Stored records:
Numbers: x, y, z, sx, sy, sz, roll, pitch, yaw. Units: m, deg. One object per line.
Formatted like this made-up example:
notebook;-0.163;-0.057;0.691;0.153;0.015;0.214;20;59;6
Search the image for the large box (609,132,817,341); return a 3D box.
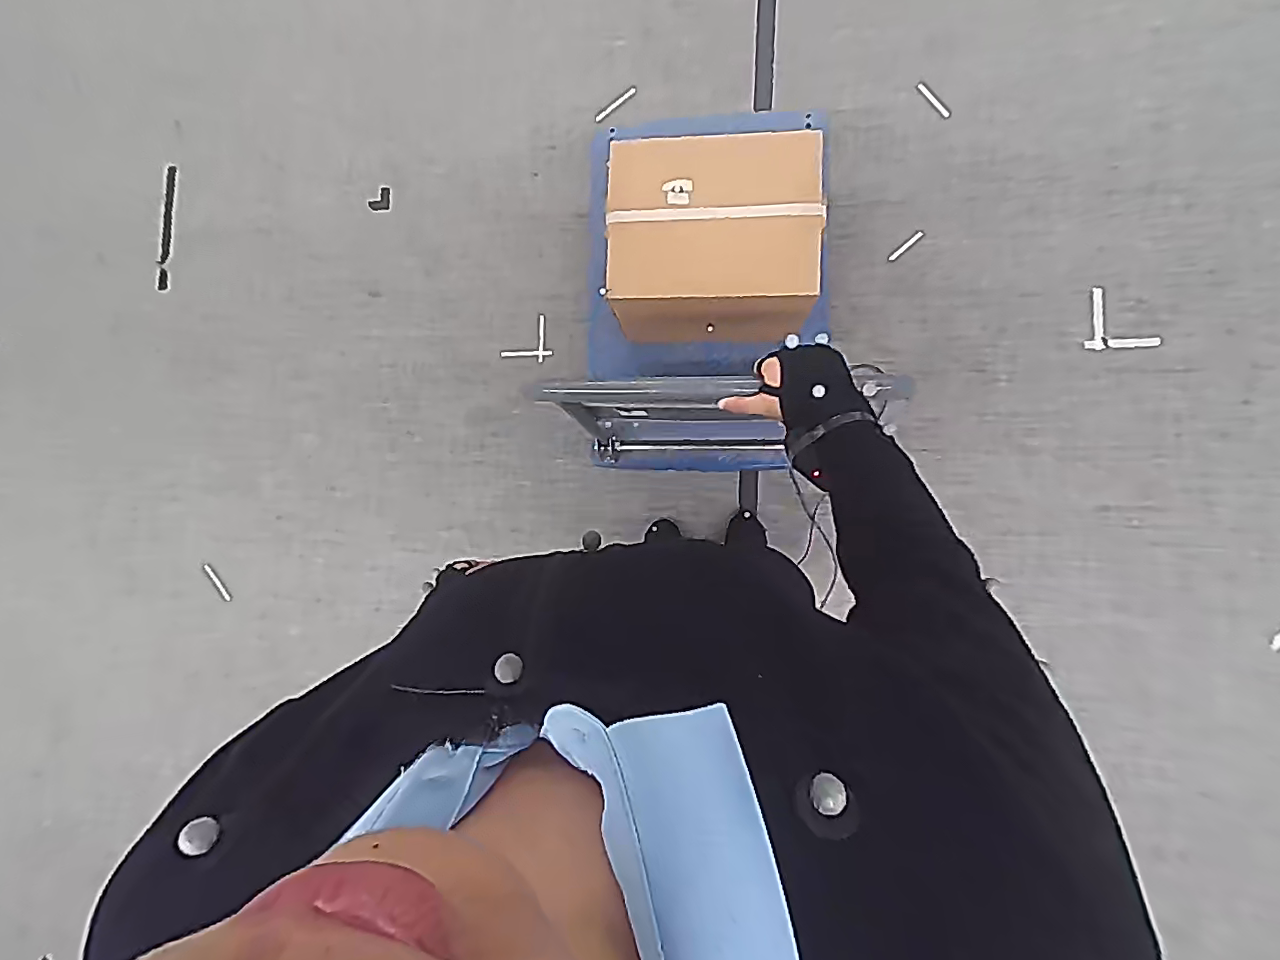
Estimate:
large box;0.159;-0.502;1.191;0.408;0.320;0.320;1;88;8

• _Requirement_
Pictures aside, return all the entries above exactly.

• _Your response_
Numbers: x, y, z, sx, sy, sz, roll, pitch, yaw. Units: m, deg. One object per line.
Formatted like this made-up example:
notebook;-0.163;-0.057;0.691;0.153;0.015;0.214;20;59;6
Search the image for the large box (609,132,817,341); return a 3D box.
Estimate:
large box;0.159;-0.502;1.191;0.408;0.320;0.320;1;88;8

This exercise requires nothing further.